River no jugó bien durante la mayor parte del partido, y terminó pidiendo la hora contra los jujeños. Pero gracias a la experiencia del Muñeco y la frescura de Mauro Díaz, entre otros, se quedó con los tres puntos y apaciguó un poco las aguas en Núñez.
Se esperaba que arranque la tarde-noche con un clima espeso, producto de la eliminación en primera ronda de la Copa Libertadores ante Nacional, el jueves, y así fue; pero de todas formas, se notó claramente que entre los hinchas triunfó la postura de apoyar pese al duro momento, en vez de solamente reprochar (más allá de que en la platea San Martín se repartieron carteles que pedían que las elecciones se adelanten, para no desperdiciar otro semestre). De hecho, no hubo una silbatina generalizada al comienzo, solo en algunos casos puntuales, como Ahumada y Rosales (¿por qué lo pone Pipo?). “Pongan más huevo, pongan más corazón que esto es River” fue el hit que se escuchó varias veces seguidas mientras los jugadores entraban a la cancha.
Durante el primer tiempo, River buscó varias veces el arco de Pezzutti, pero no lo consiguió ni con los arranques de Falcao ni las buenas jugadas de Mauro Díaz, que aportó verticalidad y buen juego. Y si bien estuvo más cerca de abrir el marcador, pasó algunos sofocones en algunos contraataques. Y al no conseguir marcar, pese al aliento insistente de la tribuna, la primera mitad se fue diluyendo en un 0 a 0 mediocre. Ni bien pitó Brazenas el final de la primera parte, ahí si se hicieron escuchar los silbidos generales. Y también se escucharon dos pedidos: un “Muñeeeecoo, muñeeeecoo”, que fue correspondido, y uno con dejo a protesta: “Orteeeega, Orteeeeeega”…
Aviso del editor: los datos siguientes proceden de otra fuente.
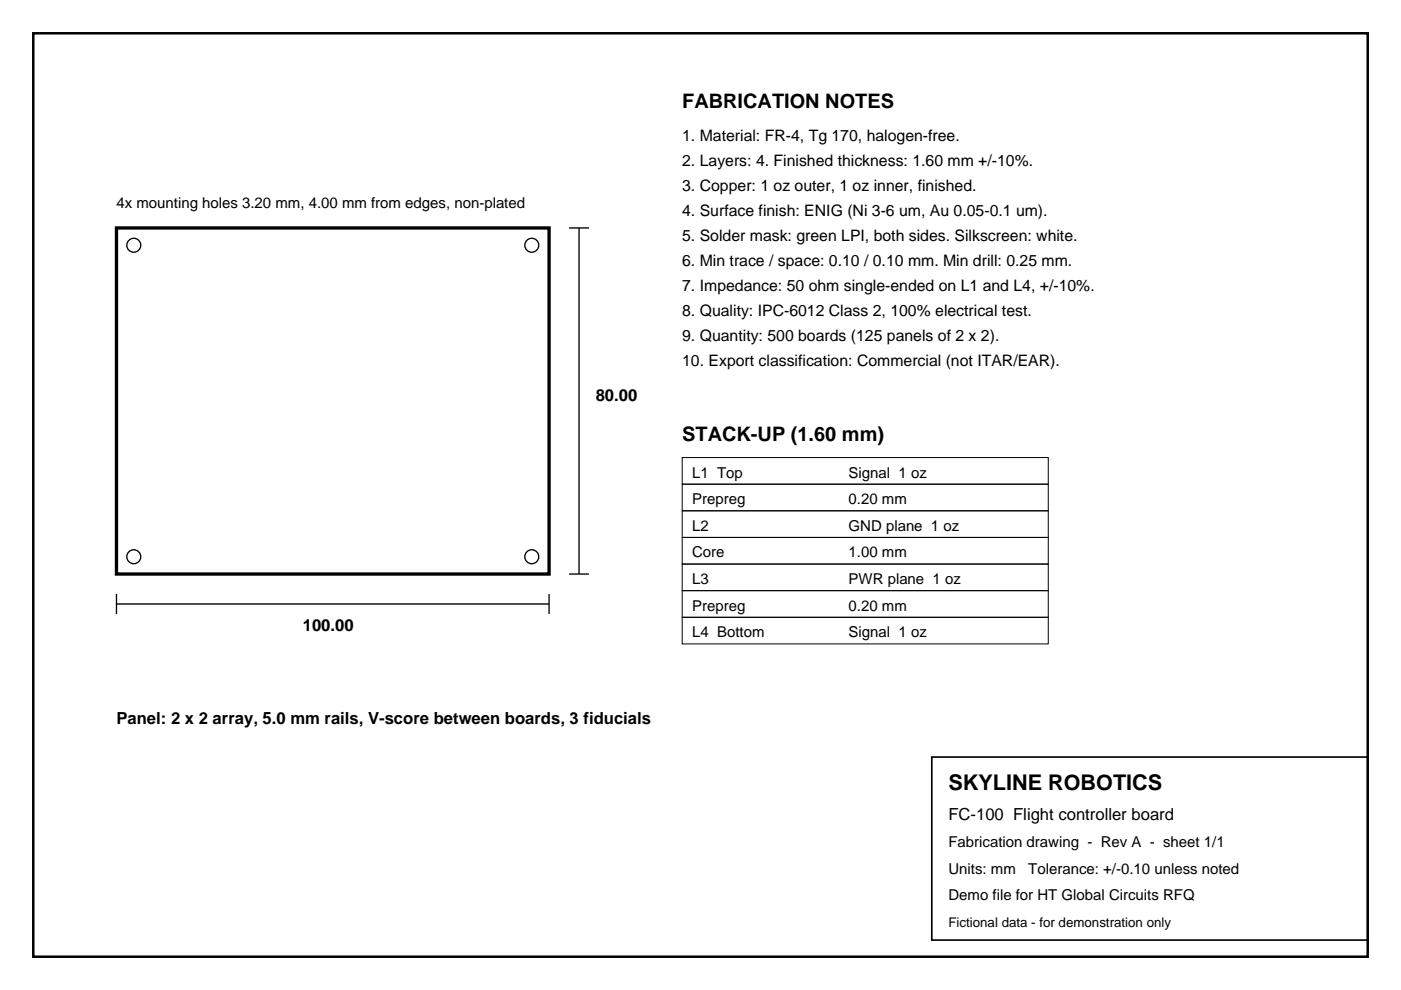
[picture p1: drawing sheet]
<svg xmlns="http://www.w3.org/2000/svg" width="297mm" height="210mm" viewBox="0 0 297 210" stroke-linecap="round" stroke-linejoin="round" font-family="sans-serif">
<defs><g id="words">
<text font-size="4.6" x="201.1" y="167.6">SKYLINE ROBOTICS</text>
<g font-size="4.2">
<text x="144.6" y="22.9">FABRICATION NOTES</text>
<text x="144.6" y="93.5">STACK-UP (1.60 mm)</text>
</g>
<g font-size="3.5">
<text x="126.3" y="85">80.00</text>
<text x="64.2" y="133.7">100.00</text>
<text x="24.7" y="153.5">Panel: 2 x 2 array, 5.0 mm rails, V-score between boards, 3 fiducials</text>
<text x="201.1" y="173.9">FC-100 Flight controller board</text>
</g>
<g font-size="3.4">
<text x="144.6" y="30">1. Material: FR-4, Tg 170, halogen-free.</text>
<text x="144.6" y="35.3">2. Layers: 4. Finished thickness: 1.60 mm +/-10%.</text>
<text x="144.6" y="40.6">3. Copper: 1 oz outer, 1 oz inner, finished.</text>
<text x="144.6" y="45.9">4. Surface finish: ENIG (Ni 3-6 um, Au 0.05-0.1 um).</text>
<text x="144.6" y="51.2">5. Solder mask: green LPI, both sides. Silkscreen: white.</text>
<text x="144.6" y="56.4">6. Min trace / space: 0.10 / 0.10 mm. Min drill: 0.25 mm.</text>
<text x="144.6" y="61.7">7. Impedance: 50 ohm single-ended on L1 and L4, +/-10%.</text>
<text x="144.6" y="67">8. Quality: IPC-6012 Class 2, 100% electrical test.</text>
<text x="144.6" y="72.3">9. Quantity: 500 boards (125 panels of 2 x 2).</text>
<text x="144.6" y="77.6">10. Export classification: Commercial (not ITAR/EAR).</text>
</g>
<g font-size="3.2">
<text x="24.7" y="44.1">4x mounting holes 3.20 mm, 4.00 mm from edges, non-plated</text>
<text x="146.8" y="101.2">L1 Top</text>
<text x="179.9" y="101.2">Signal 1 oz</text>
<text x="146.8" y="106.9">Prepreg</text>
<text x="179.9" y="106.9">0.20 mm</text>
<text x="146.8" y="112.5">L2</text>
<text x="179.9" y="112.5">GND plane 1 oz</text>
<text x="146.8" y="118.2">Core</text>
<text x="179.9" y="118.2">1.00 mm</text>
<text x="146.8" y="123.8">L3</text>
<text x="179.9" y="123.8">PWR plane 1 oz</text>
<text x="146.8" y="129.5">Prepreg</text>
<text x="179.9" y="129.5">0.20 mm</text>
<text x="146.8" y="135.1">L4 Bottom</text>
<text x="179.9" y="135.1">Signal 1 oz</text>
<text x="201.1" y="179.6">Fabrication drawing - Rev A - sheet 1/1</text>
<text x="201.1" y="185.2">Units: mm</text>
<text x="218" y="185.2">Tolerance: +/-0.10 unless noted</text>
<text x="201.1" y="190.9">Demo file for HT Global Circuits RFQ</text>
</g>
<text font-size="2.8" x="201.1" y="196.5">Fictional data - for demonstration only</text>
</g></defs>
<path d="M7.1 7.1h282.9v195.7h-282.9z" fill="none" stroke="#000" stroke-width=".53"/>
<path d="M197.6 160.5h92.4v38.8h-92.4z" fill="none" stroke="#000" stroke-width=".35"/>
<path d="M24.7 48.3h91.7v73.4h-91.7z" fill="none" stroke="#000" stroke-width=".71" stroke-linecap="butt"/>
<g fill="none" stroke="#000" stroke-width=".28">
<path d="M120.6 48.3h4.3M122.8 48.3v73.4M24.7 128.1h91.7M24.7 125.9v4.3M116.4 125.9v4.3M120.6 121.7h4.3"/>
<circle cx="28.4" cy="52" r="1.48"/>
<circle cx="112.7" cy="52" r="1.48"/>
<circle cx="28.4" cy="118" r="1.48"/>
<circle cx="112.7" cy="118" r="1.48"/>
</g>
<path d="M144.6 97h77.6v5.7h-77.6zM144.6 102.7h77.6v5.6h-77.6zM144.6 108.3h77.6v5.6h-77.6zM144.6 113.9h77.6v5.7h-77.6zM144.6 119.6h77.6v5.6h-77.6zM144.6 125.2h77.6v5.7h-77.6zM144.6 130.9h77.6v5.6h-77.6z" fill="none" stroke="#000" stroke-width=".21"/>
<use href="#words"/>
</svg>

Arrancó el segundo tiempo con un cambio: salió Nico Domingo, e ingresó Diego Barrado. River siguió teniendo un par de intentos pobres, y la gente empezó a desesperarse un poco, a angustiarse aún más, a sufrir los fantasmas. Pero a los 12 minutos entró el Muñeco Gallardo, y tardó dos minutos más en ponerle una asistencia brillante a Falcao para que el colombiano ponga el 1 a 0 que daba paz. Diez minutos después, le saltó la térmica al arquero de Gimnasia, Gastón Pezzuti, que agredió a un alcanzapelotas y se fue estúpidamente expulsado. River comenzaba a respirar, pero no podía relajarse demasiado, por la historia reciente. A los 36 minutos, entró el Ogro Fabbiani, a pisar un poco la pelota e intentar algún contragolpe. Sobre el final, fue expulsado Ramasco, y el Millonario ya estaba tranquilo.
Los hinchas despidieron al equipo con unos tibios aplausos, y con una canción que reflejaba el sentimiento de todos: “Olé, ole ole, ole ole ole olá..jugando bien o jugando mal…yoo, yo te quieroo, no me importa nada, te vengo a alentaar..”. Y se demostró que, aunque haya golpes en el medio, aunque estemos seis puntos abajo, aunque no se juegue bien, esto es River. Y todos juntos tenemos que poder.